Artículo de Ana Caballero, abogada y vicepresidenta de la Asociación Europea Transición Digital.
En el siglo XIX, Charles Darwin formuló su famosa teoría de la selección natural: los organismos mejor adaptados al entorno tienen más probabilidades de sobrevivir y reproducirse. Hoy, en pleno siglo XXI, vivimos bajo otra forma de selección, mucho menos natural y mucho más silenciosa: la selección artificial que ejercen los algoritmos.
¿Y qué pinta tu hijo en todo esto? Mucho más de lo que crees. Porque los algoritmos —esas fórmulas matemáticas invisibles que deciden qué ve, qué escucha, qué aprende y hasta con quién interactúa— están moldeando su desarrollo como individuo.

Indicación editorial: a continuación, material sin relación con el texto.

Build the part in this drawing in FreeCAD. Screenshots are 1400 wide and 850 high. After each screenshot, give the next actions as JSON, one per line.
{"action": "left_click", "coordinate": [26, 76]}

No lo hacen con criterio pedagógico, ni ético, ni emocional. Lo hacen con una lógica puramente comercial: mantenerlo enganchado, clasificarlo y rentabilizar sus datos.
Cada clic, cada segundo de vídeo, cada emoji que tu hijo envía o recibe, alimenta un sistema de perfilado automático que lo agrupa en grupos. Estos grupos, como pequeñas “especies digitales”, son diseñados para consumir contenido específico, para recibir publicidad a medida… y para ser “optimizados” según lo rentable que resulten. Estamos hablando de una auténtica selección artificial, donde los algoritmos deciden qué tipo de menor es “valioso” y cuál no.

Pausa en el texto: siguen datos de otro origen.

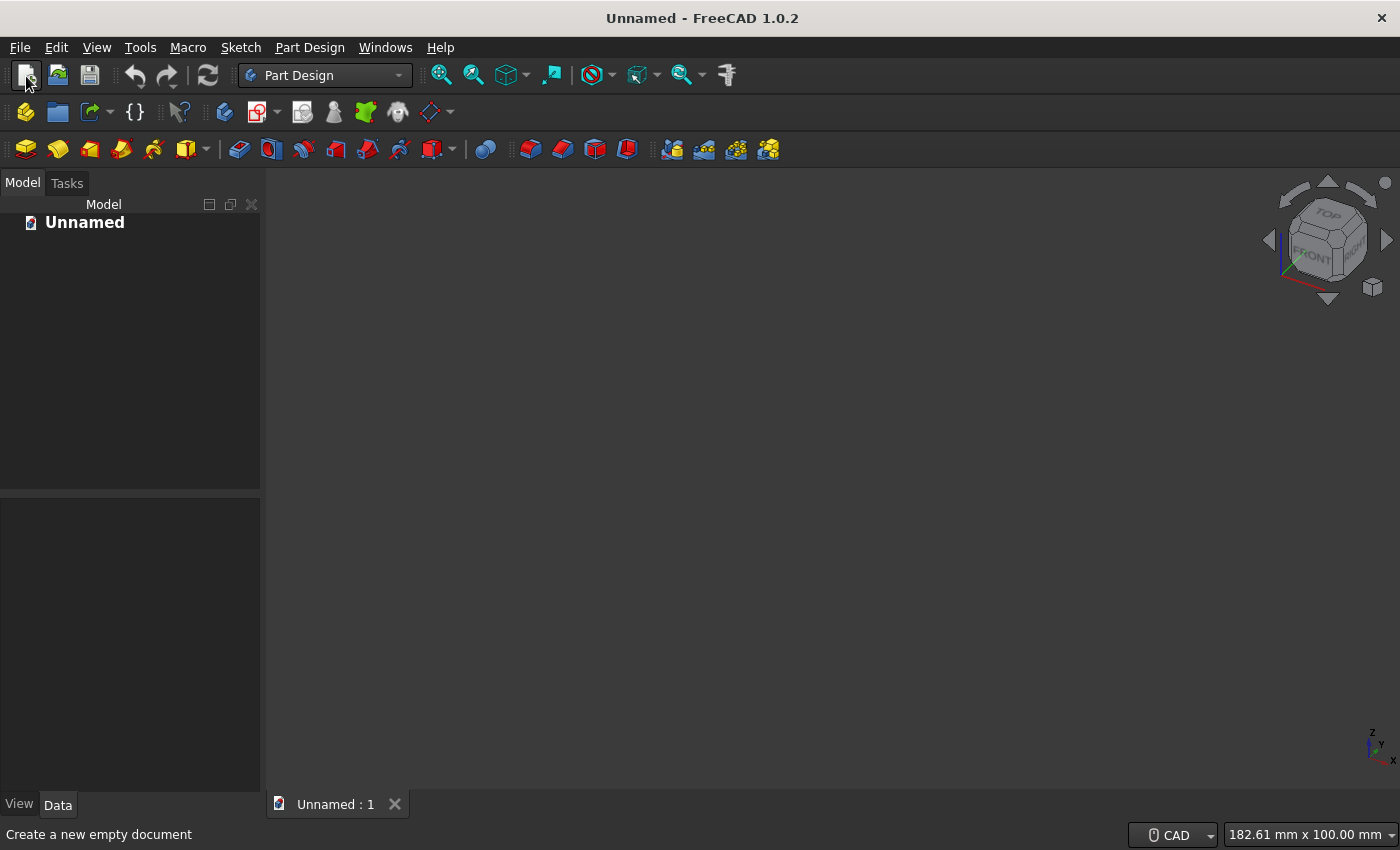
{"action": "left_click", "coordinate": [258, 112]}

¿Y cuáles son las consecuencias? La más evidente: no todos los niños reciben las mismas oportunidades. Un menor encasillado por sus búsquedas o su nivel de interacción como “poco activo”, “poco prometedor” o “emocionalmente vulnerable”, puede condicionar sus oportunidades futuras. Mientras tanto, otros perfiles reciben sugerencias más estimulantes, más enriquecedoras, más valiosas. Como si una mano invisible —y sin rostro— decidiera quién merece avanzar y quién no. Porque los algoritmos no solo recomiendan: también excluyen.

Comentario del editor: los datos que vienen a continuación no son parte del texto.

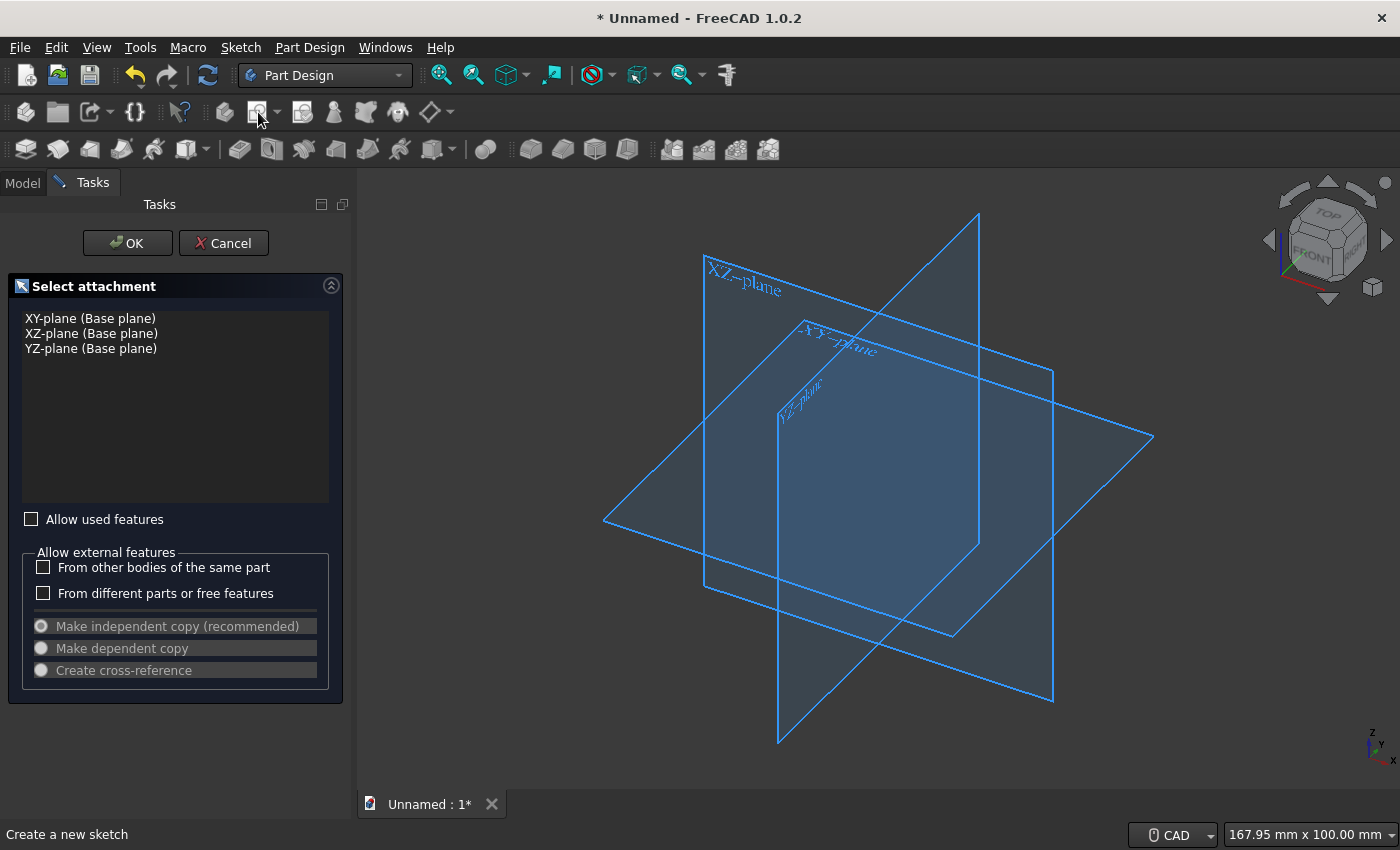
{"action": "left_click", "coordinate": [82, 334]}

¿Es esto justo? ¿Es esto lo que queremos para nuestros hijos?
La falta de transparencia de estos sistemas es alarmante. Nadie explica por qué un algoritmo muestra unos contenidos y oculta otros. Nadie informa de que ese perfil digital puede estar condicionando decisiones futuras: acceso a recursos, propuestas educativas, consumo de información, incluso desarrollo emocional. La inteligencia artificial no está solo prediciendo comportamientos: los está creando.
Darwin hablaba de adaptación al entorno. Hoy, los algoritmos diseñan ese entorno digital, y los menores tienen que adaptarse a él… o quedarse fuera. Pero no es un entorno neutro: es un entorno sesgado, que replica desigualdades geográficas, sociales, culturales y económicas. Y lo peor es que lo hace de forma silenciosa, invisible para los propios niños y para sus familias.
Por eso es urgente actuar. Porque esta nueva forma de “selección” no tiene nada de natural. Es artificial, es opaca y, si no la controlamos, puede ser profundamente injusta.
Nuestros hijos no son cobayas del laboratorio digital de Meta, Google o Tik Tok. No deberían ser clasificados, explotados ni descartados por un algoritmo. Merecen crecer en un entorno donde sus oportunidades dependan de su esfuerzo, de su entorno, de su humanidad… no de una fórmula secreta diseñada para vender más.
Recuerden que en el desarrollo de nuestros hijos: no hay ensayo general, solo van a tener esta oportunidad.